--- START ---
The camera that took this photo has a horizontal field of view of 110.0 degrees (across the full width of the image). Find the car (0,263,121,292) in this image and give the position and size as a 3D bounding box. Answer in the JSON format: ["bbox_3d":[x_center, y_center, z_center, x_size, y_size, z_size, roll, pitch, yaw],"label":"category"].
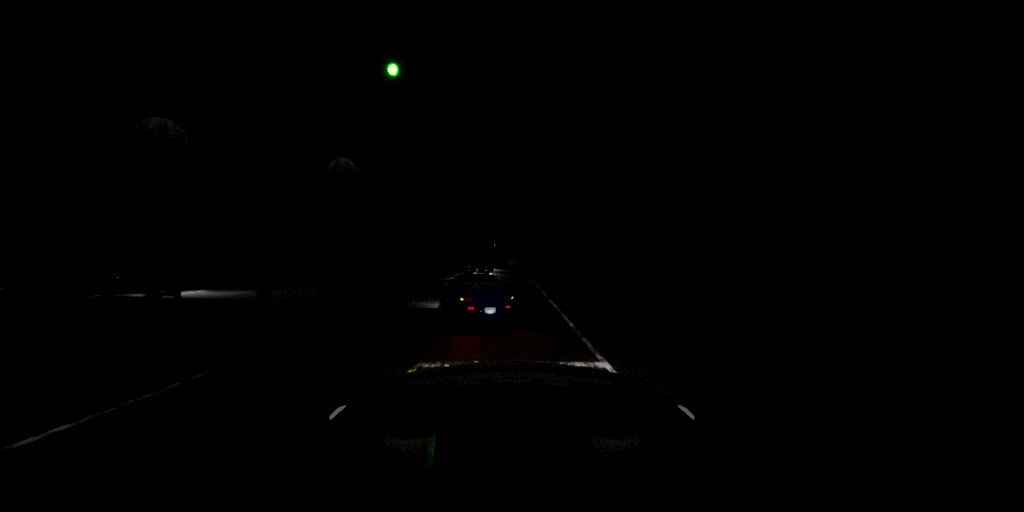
[{"bbox_3d":[-23.120,1.103,18.411,4.902,1.511,2.128,1,0,-1],"label":"car"}]

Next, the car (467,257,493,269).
[{"bbox_3d":[-3.594,1.076,39.778,2.150,2.045,5.566,0,0,0],"label":"car"}]

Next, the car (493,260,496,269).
[{"bbox_3d":[-3.575,1.476,49.550,1.895,1.301,4.718,0,0,0],"label":"car"}]

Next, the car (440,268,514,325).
[{"bbox_3d":[-1.261,1.308,11.964,1.812,1.442,4.674,0,0,-17],"label":"car"}]
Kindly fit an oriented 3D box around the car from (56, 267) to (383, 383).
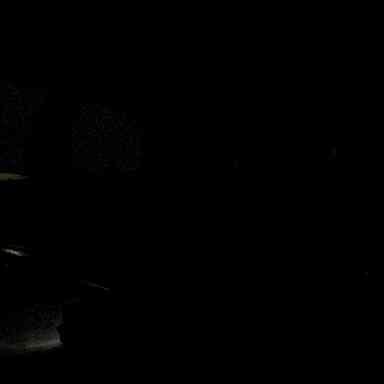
[{"bbox_3d":[0.627,1.589,3.556,5.357,1.411,2.033,-1,-1,41],"label":"car"}]
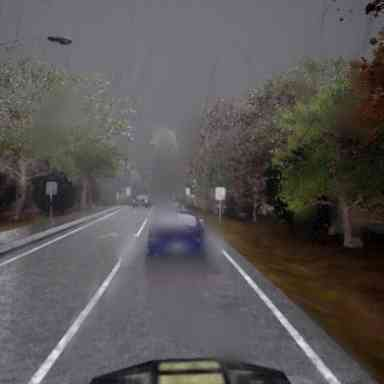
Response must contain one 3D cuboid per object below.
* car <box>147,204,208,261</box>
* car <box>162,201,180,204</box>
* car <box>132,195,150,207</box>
[{"bbox_3d":[-0.559,1.402,12.012,1.882,1.535,5.008,0,0,-4],"label":"car"},{"bbox_3d":[-1.654,1.376,25.897,2.033,1.411,5.357,0,0,-4],"label":"car"},{"bbox_3d":[-6.770,1.150,44.664,2.097,1.767,4.553,0,-1,-4],"label":"car"}]
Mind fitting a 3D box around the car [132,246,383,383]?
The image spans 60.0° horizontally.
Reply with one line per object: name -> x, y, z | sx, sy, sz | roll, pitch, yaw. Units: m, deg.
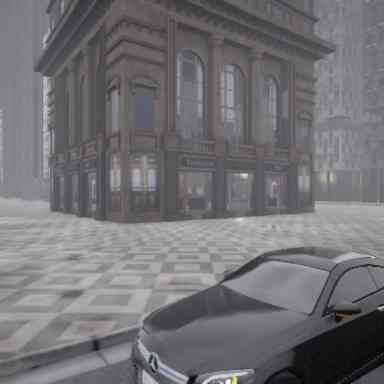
--- END ---
Please set down the data above exactly as given, leaving every picture out.

The camera that took this photo has a horizontal field of view of 110.0 degrees (across the full width of the image). Find the car (0,263,121,292) in this image and give the position and size as a 3D bounding box. Answer in the JSON format: ["bbox_3d":[x_center, y_center, z_center, x_size, y_size, z_size, roll, pitch, yaw],"label":"category"].
[{"bbox_3d":[-23.120,1.103,18.411,4.902,1.511,2.128,1,0,-1],"label":"car"}]

Next, the car (467,257,493,269).
[{"bbox_3d":[-3.594,1.076,39.778,2.150,2.045,5.566,0,0,0],"label":"car"}]

Next, the car (493,260,496,269).
[{"bbox_3d":[-3.575,1.476,49.550,1.895,1.301,4.718,0,0,0],"label":"car"}]

Next, the car (440,268,514,325).
[{"bbox_3d":[-1.261,1.308,11.964,1.812,1.442,4.674,0,0,-17],"label":"car"}]
Kindly fit an oriented 3D box around the car from (56, 267) to (383, 383).
[{"bbox_3d":[0.627,1.589,3.556,5.357,1.411,2.033,-1,-1,41],"label":"car"}]
Response must contain one 3D cuboid per object below.
* car <box>147,204,208,261</box>
* car <box>162,201,180,204</box>
* car <box>132,195,150,207</box>
[{"bbox_3d":[-0.559,1.402,12.012,1.882,1.535,5.008,0,0,-4],"label":"car"},{"bbox_3d":[-1.654,1.376,25.897,2.033,1.411,5.357,0,0,-4],"label":"car"},{"bbox_3d":[-6.770,1.150,44.664,2.097,1.767,4.553,0,-1,-4],"label":"car"}]
Mind fitting a 3D box around the car [132,246,383,383]?
The image spans 60.0° horizontally.
Reply with one line per object: name -> x, y, z | sx, sy, sz | roll, pitch, yaw. Units: m, deg.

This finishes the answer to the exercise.